I missed my tube stop thinking about Norman. I had to remind myself that he wasn’t real. The thing is I kind of liked him. I liked him a lot. I could hear myself laughing with him as we walked home to my flat, laughing because Norman was better at killing insects than any man I ever met. He could zap a fly with any part of his tubular body. I could see myself chatting to him getting a kind of low level buzzing in response. He has a kind of gruffness to that buzz that could keep me awake at night. I could see him sitting on my couch. Bright yellow, lighting up the room. I would never need to change a bulb again.
I thought about him all weekend. It was ‘odd’ –that word again. By Monday I was desperate. When I first got to work he wasn’t there and I was crushed. But then there he was again at 11am, yellow and luminous and brightening my day. Filling my dreams with walks in the park and I don’t know –just the idea of having your own personal light source. By Tuesday I was in love. Norman and I were –well it was destiny. But Wednesday-Wednesday-I will never forget Wednesday. He wasn’t there on Wednesday, like the lover that ghosted you. He was just gone. I was heart broken. I couldn’t concentrate. Where was Norman?
I went home. Sat on the sofa, drank hot chocolate, watched TV and well I cried. Thursday. Thursday. There was no one I could talk to. No one I could tell. I just had to act as if nothing had happened. But Norman, Norman was gone. There was still no Norman. He was gone and I had to face it, maybe forever.

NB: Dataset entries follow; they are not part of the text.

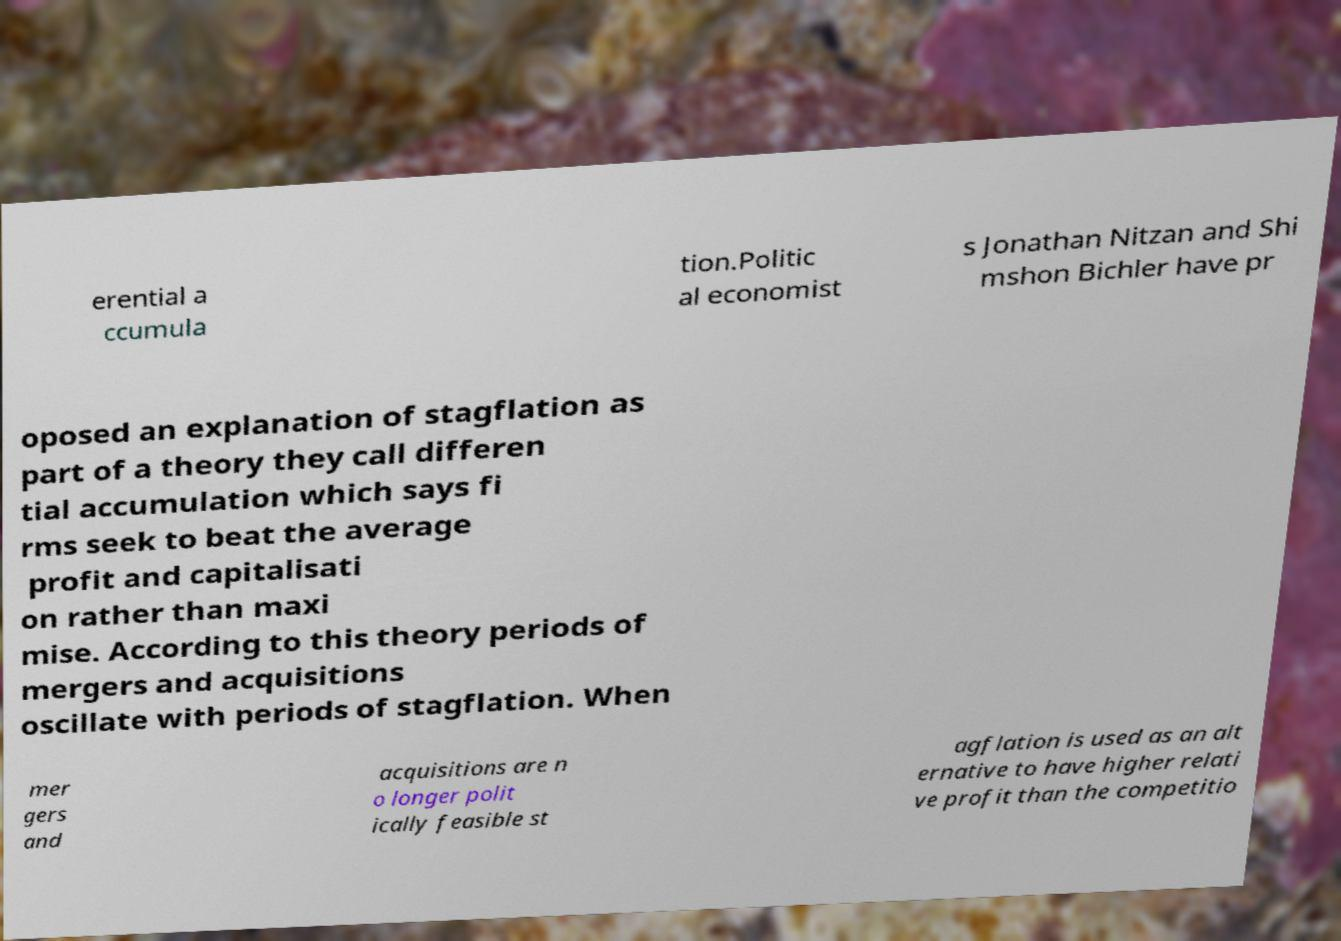Can you accurately transcribe the text from the provided image for me? erential a ccumula tion.Politic al economist s Jonathan Nitzan and Shi mshon Bichler have pr oposed an explanation of stagflation as part of a theory they call differen tial accumulation which says fi rms seek to beat the average profit and capitalisati on rather than maxi mise. According to this theory periods of mergers and acquisitions oscillate with periods of stagflation. When mer gers and acquisitions are n o longer polit ically feasible st agflation is used as an alt ernative to have higher relati ve profit than the competitio 
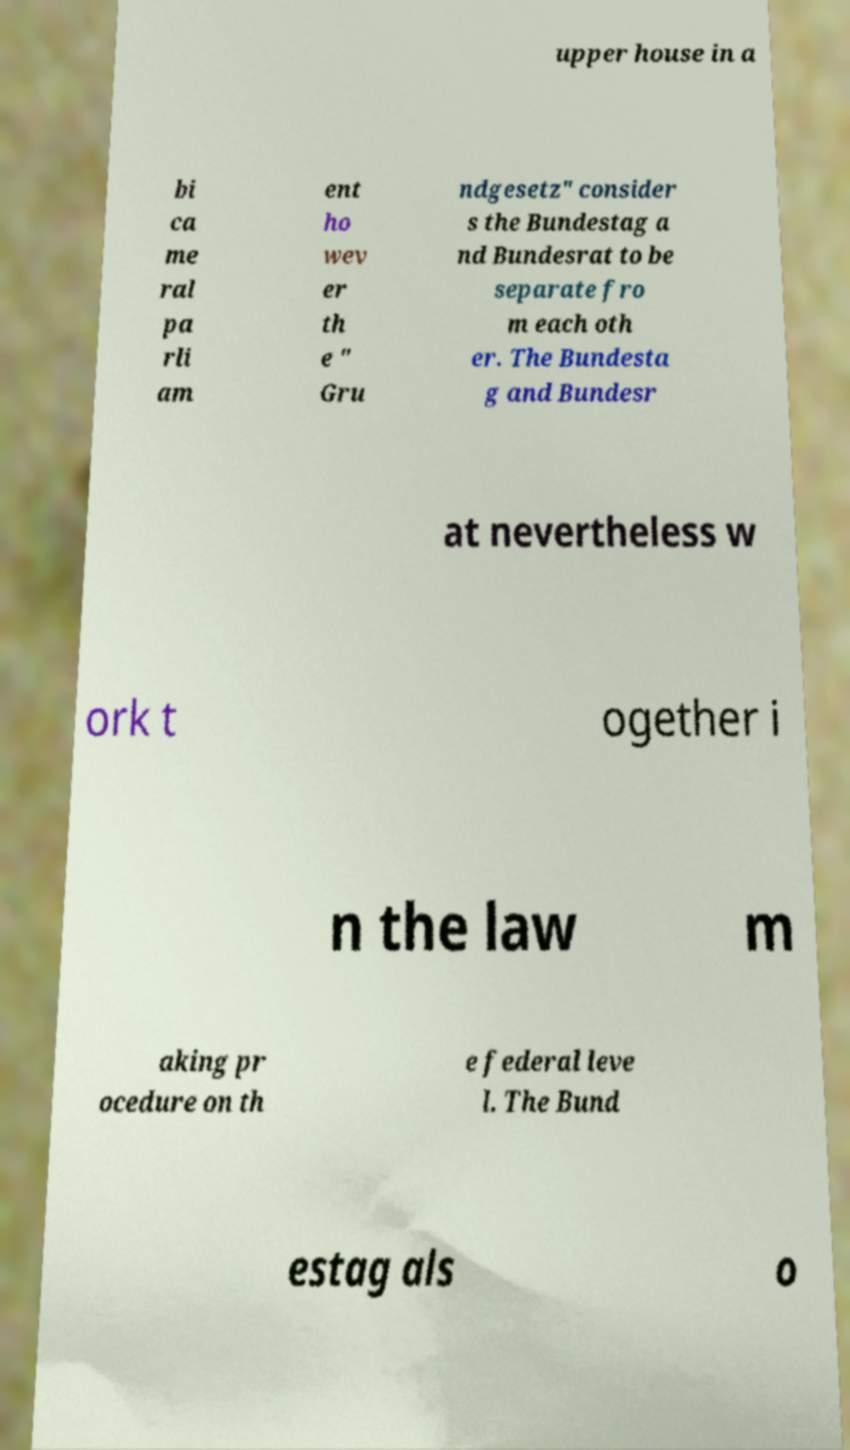There's text embedded in this image that I need extracted. Can you transcribe it verbatim? upper house in a bi ca me ral pa rli am ent ho wev er th e " Gru ndgesetz" consider s the Bundestag a nd Bundesrat to be separate fro m each oth er. The Bundesta g and Bundesr at nevertheless w ork t ogether i n the law m aking pr ocedure on th e federal leve l. The Bund estag als o 
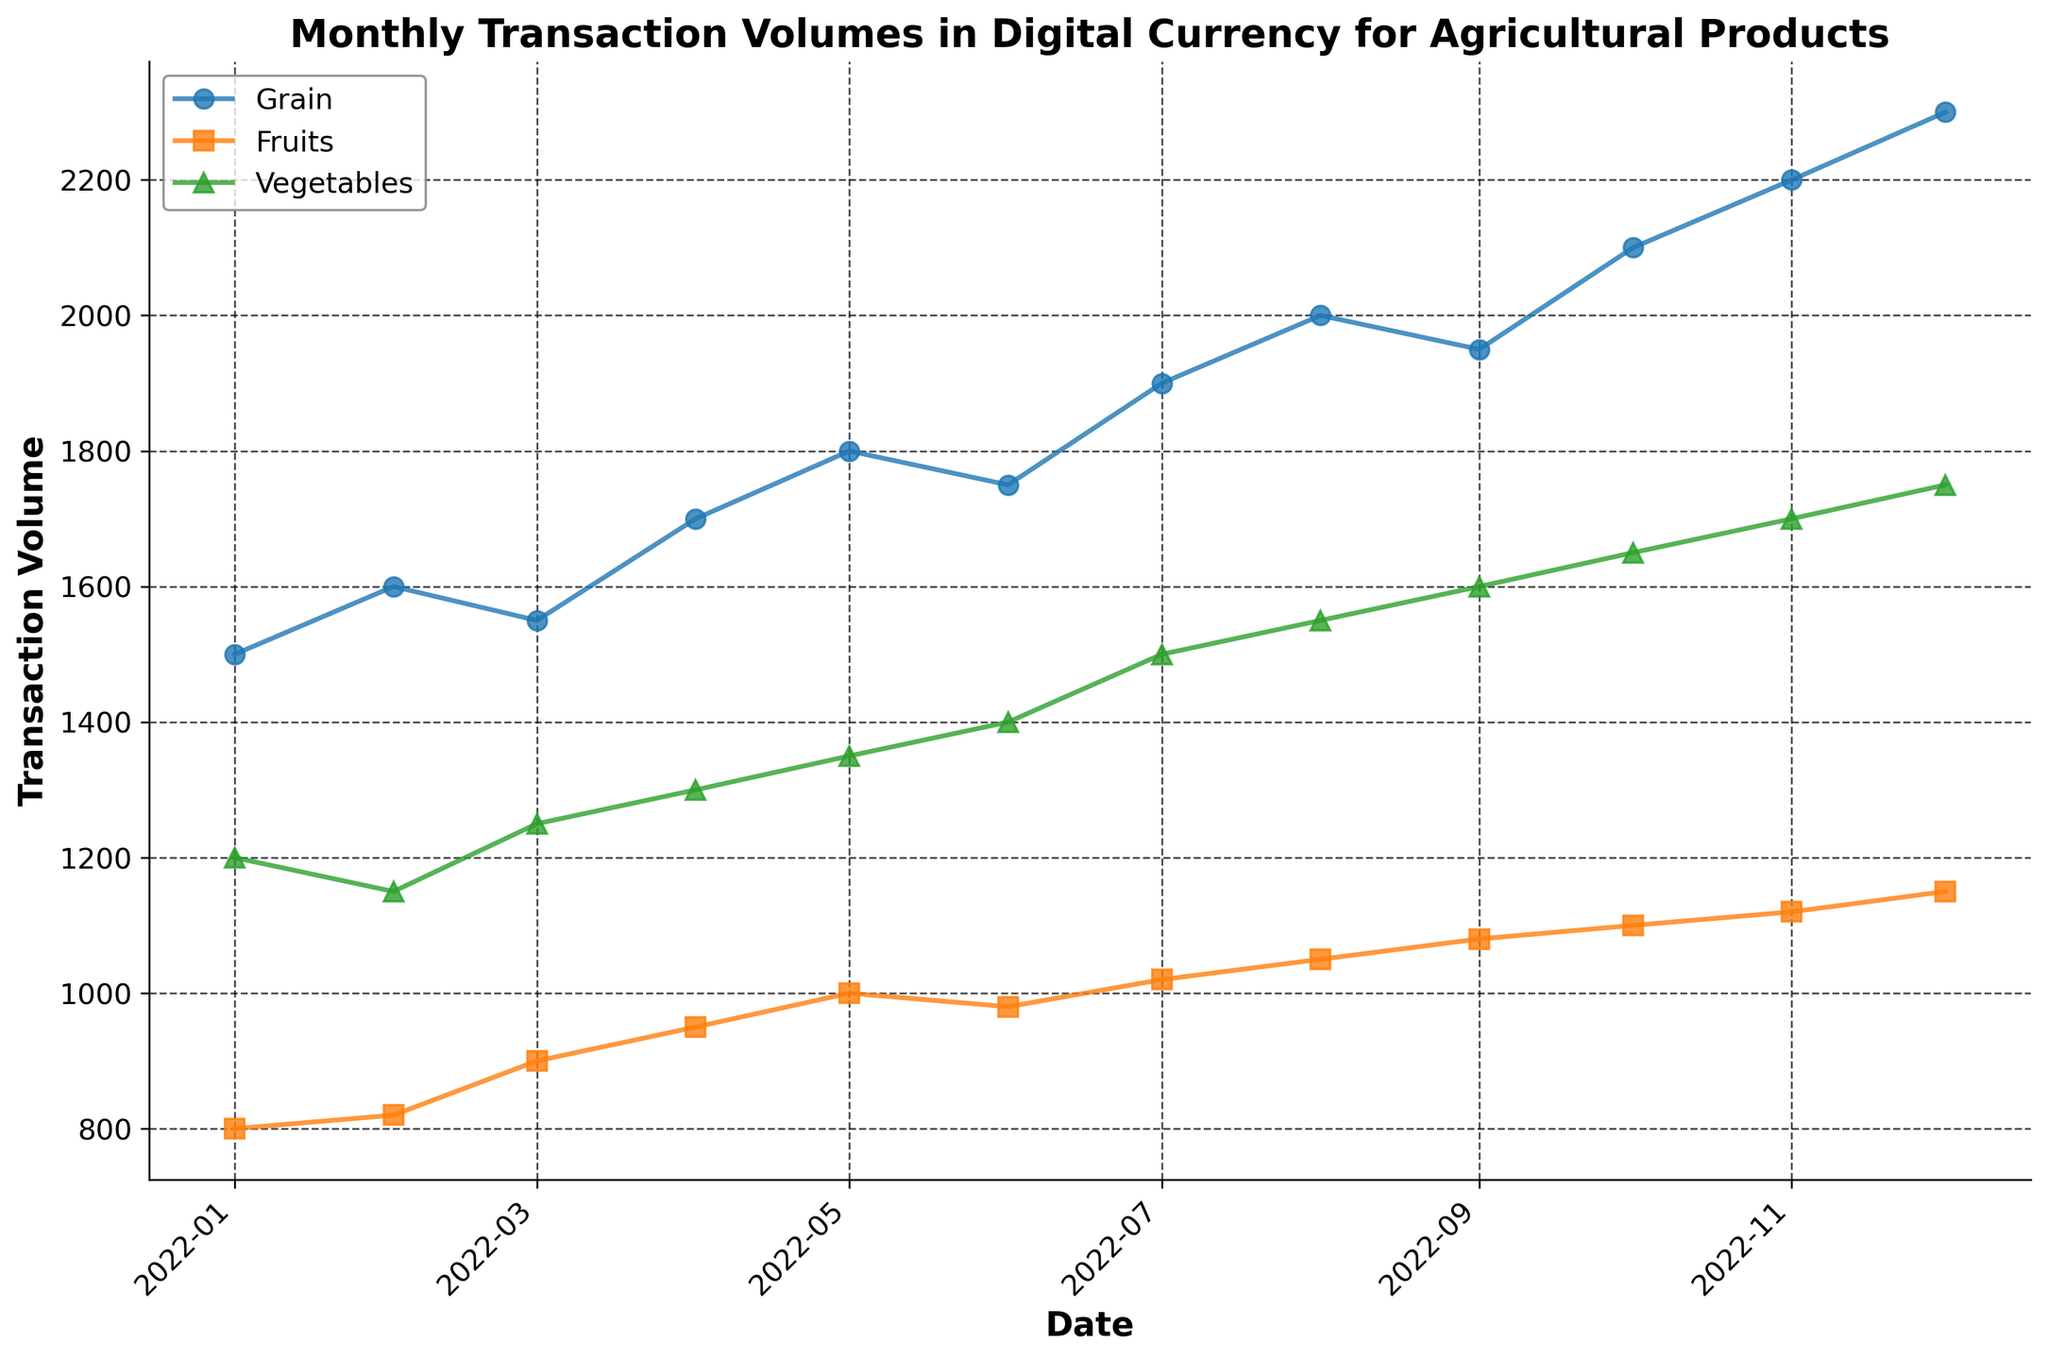What is the title of the figure? The title is usually displayed at the top of the figure in a larger or bold font. For this figure, it is shown at the top and reads "Monthly Transaction Volumes in Digital Currency for Agricultural Products."
Answer: Monthly Transaction Volumes in Digital Currency for Agricultural Products What products are displayed in the figure? By examining the legend, which typically lists the items being plotted with their respective colors or markers, we can identify the products. Here, they are listed as: Grain, Fruits, and Vegetables.
Answer: Grain, Fruits, Vegetables Which product had the highest transaction volume in December 2022? Locate the December 2022 data points on the x-axis and observe which line has the highest y-axis value. For December 2022, the transaction volume for Grain is the highest.
Answer: Grain How does the transaction volume for Fruits change from January 2022 to December 2022? Follow the line for Fruits from the left (January 2022) to the right (December 2022). Observe the trend: it starts at 800 and gradually increases to 1150 over the months.
Answer: Increases from 800 to 1150 What month had the peak transaction volume for Vegetables? Trace the line for Vegetables and identify the point where it reaches the highest vertical position on the y-axis. The peak occurs in December 2022, with a volume of 1750.
Answer: December 2022 How does the trend for Grain transaction volume from July 2022 to September 2022 compare to the trend for Vegetables in the same period? Analyze both lines in the relevant months. Grain transaction volumes increase (1900 to 1950), whereas Vegetables also increase (1500 to 1600). Both show an upward trend.
Answer: Both increase What is the total transaction volume for Fruits from January to December 2022? Sum the monthly volumes for Fruits (800 + 820 + 900 + 950 + 1000 + 980 + 1020 + 1050 + 1080 + 1100 + 1120 + 1150). The computation results in 11470.
Answer: 11470 Which product shows the most consistent increase in transaction volume throughout the year 2022? Compare the trends of the three lines in the figure to determine consistency. Fruits have a relatively steady upward trend without noticeable declines.
Answer: Fruits What was the percentage increase in the transaction volume for Grain from January 2022 to December 2022? Calculate the percentage change from January (1500) to December (2300). The formula is ((2300 - 1500) / 1500) * 100 = 53.33%.
Answer: 53.33% Compare the transaction volume in November 2022 for Fruits and Vegetables. Which product had a higher volume and by how much? Observe the data points for November 2022. Fruits had 1120; Vegetables had 1700. The difference is 1700 - 1120 = 580.
Answer: Vegetables by 580

It was Friday that I resolved to find out. To go there. Directions are not my thing but I figured out the building and where I thought it should be and off I went. And. Well. Love is weird. I could see the building. I had come slightly the wrong way and ended up at the back of it and not the front and there was a skip. I. You understand. It was destiny. There he was. In the skip. Abandoned. A strange outline of a man. All neon. Tubes of light, dulled by lack of electrical current. So. I. I took him. I tried to ask. There was no one around. I just. I took him. I didn’t go back to work. I got on the tube and took him home. I called in sick for the afternoon, said I had fallen and hurt my ankle. I plugged him in. I lit him up. It was an amazing moment. There we were for the first time, me human and him neon. It was a beautiful moment.
And now, now we are together. And everything is fine. I plug him in. He lights up the room and it is how its meant to be. We watch TV. And everything is fine. I have searched the internet, there is no one like me. I get that. I am ‘odd’ truly ‘odd’. It is a good word. I savour it when I look in the mirror sometimes. I smile slightly at the faint glance as I leave the office kitchen, the one that says they are about to use that word. Sometimes at work- I talk about Norman as if he a human. When they ask me for a picture, I show them a picture of my neon man. No one ever knows what to say. I look at them –all flustered-reddening. Trying to think of the words, how to say, that isn’t a, he isn’t, you can’t, its not. All those sentences they can’t say. Odd, how they stumble over all those words. And Norman and I –we are happy.